Questa fuga dal parlamento era iniziata nella scorsa legislatura, quando 25 deputati e 7 senatori si sono dimessi per assumere altri incarichi, oltre a Gentiloni. Un discreto numero di parlamentari di centrodestra ha lasciato per diventare governatore di regione (Francesco Armaroli, Massimiliano Fedriga, Iole Santelli, Roberto Occhiuto, Maurizio Fugatti; Marco Marsilio, Cristian Solinas, Donatella Tesei); Lucia Bergonzoni ha precorso le scelte di Orlando, rimanendo in regione Emilia Romagna pur avendo perso le elezioni del 2020 contro Bonaccini. Ma anche il ruolo di semplice assessore regionale ha attirato più del seggio parlamentare, visto che lo hanno preferito in diversi, come Guido Guidesi, Lara Magoni, Giorgia Latini, per citarne qualcuno. Roberto Gualtieri ha preferito fare il sindaco (di Roma) che il deputato, era stato eletto in una suppletiva al posto di Paolo Gentiloni.

Anche nella precedente legislatura lo scranno a Strasburgo è stata giudicato più rilevante di quello di parlamentare a Roma da diversi onorevoli e senatori (per esempio Carlo Fidanza, Cinzia Bonfrisco, Raffaele Stancanelli).

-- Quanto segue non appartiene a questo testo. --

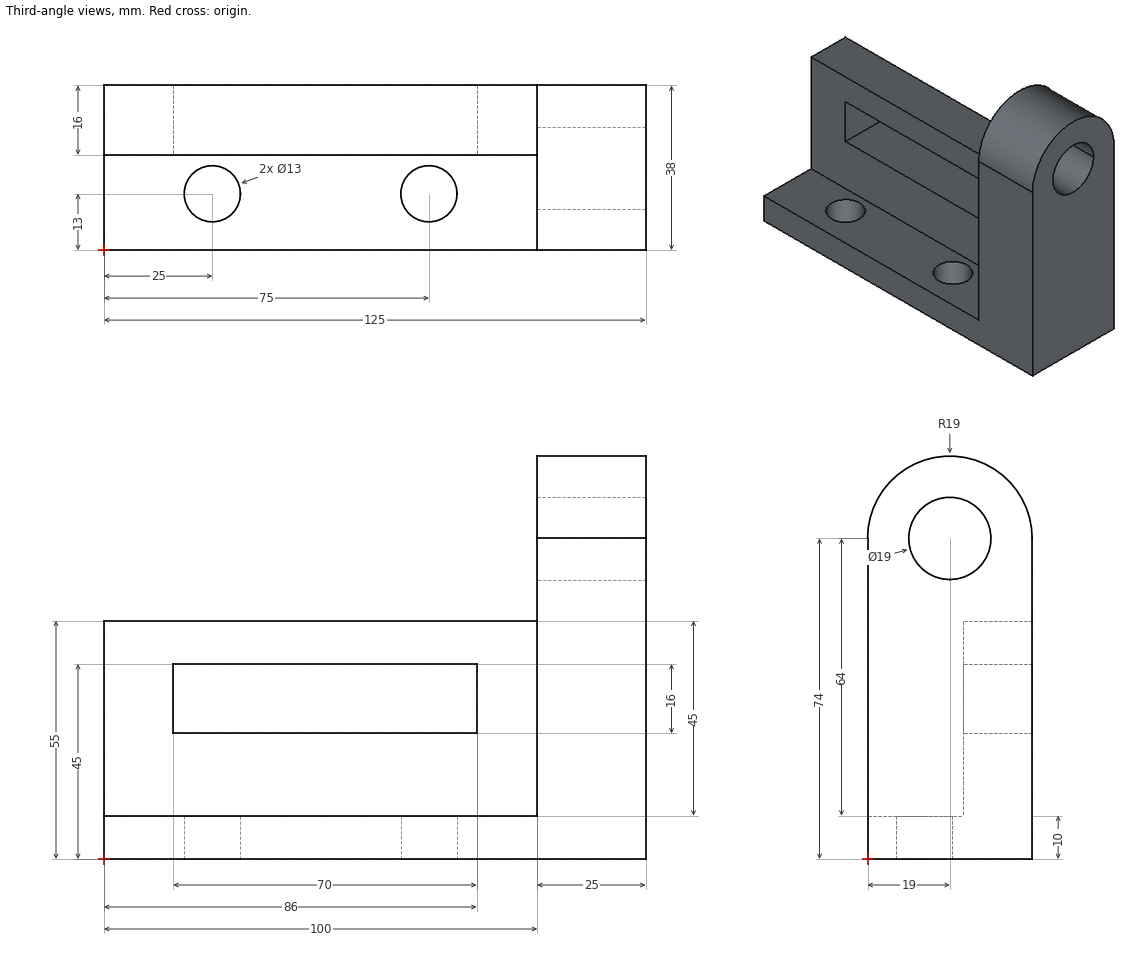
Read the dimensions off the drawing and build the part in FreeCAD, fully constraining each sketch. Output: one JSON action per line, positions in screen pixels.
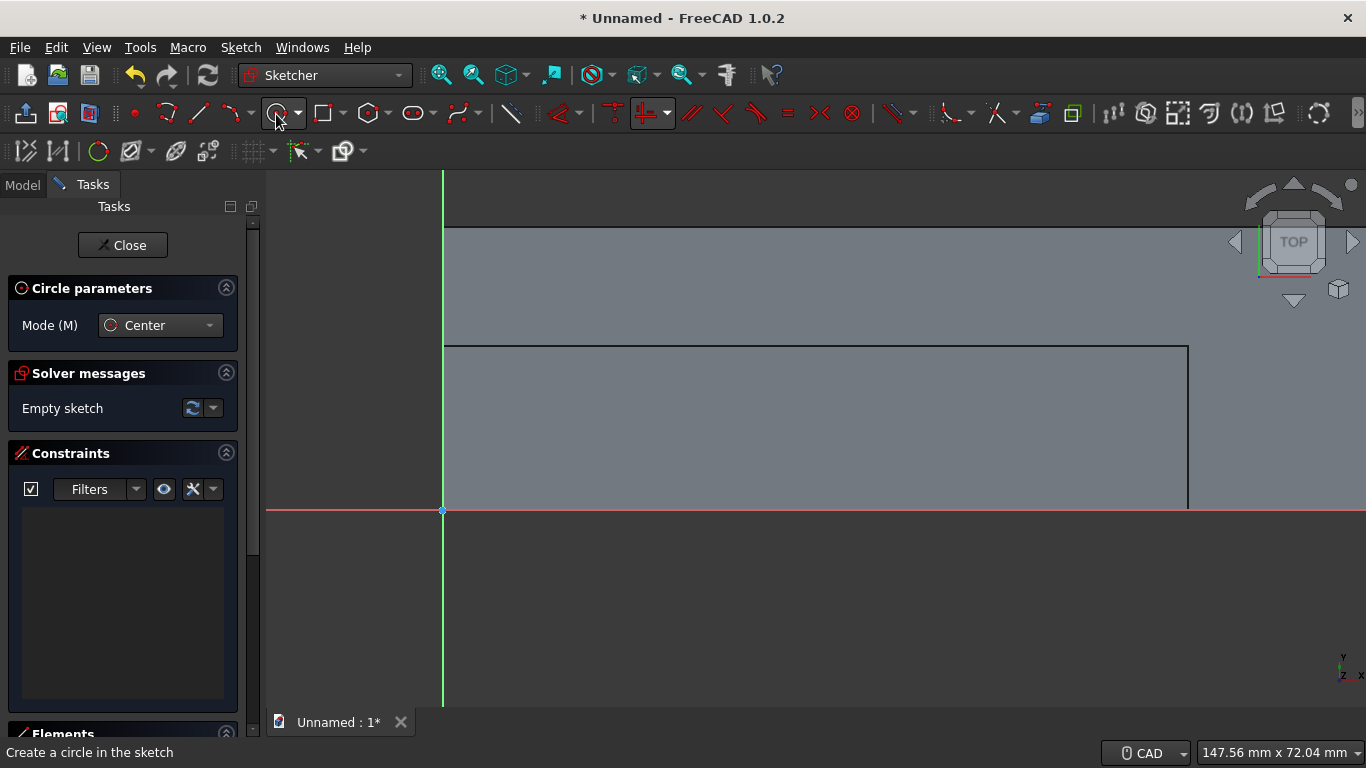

L’ASPETTO PIÙ INDICATIVO è la fuga dalle camere per ruoli esterni alla politica, come le Authority (Antonello Giacomelli e Massimiliano Capitanio sono andati all’Agcom), o l’insegnamento (Enrico Letta a Parigi) o ruoli professionali. Lapo Pistelli è andato all’Eni, Piercarlo Padoan è tornato a fare il banchiere, Maurizio Martina, già segretario del Pd, è andato alla Fao come vice-direttore, Guido Crosetto in passato aveva optato per la guida della Confindustria degli armamenti. Il caso più emblematico è quello del Pd Giovanni Sanga, che alle spalle aveva tre legislature. Subentrato a Maurizio Martina, ha immediatamente rinunciato preferendo mantenere il proprio ruolo all’aeroporto di Orio al Serio. È stato proclamato eletto il 20 gennaio 2021, la sua elezione è stata convalidata dalla Giunta l’11 marzo, e il 13 aprile ha rinunciato. Si può dargli torto?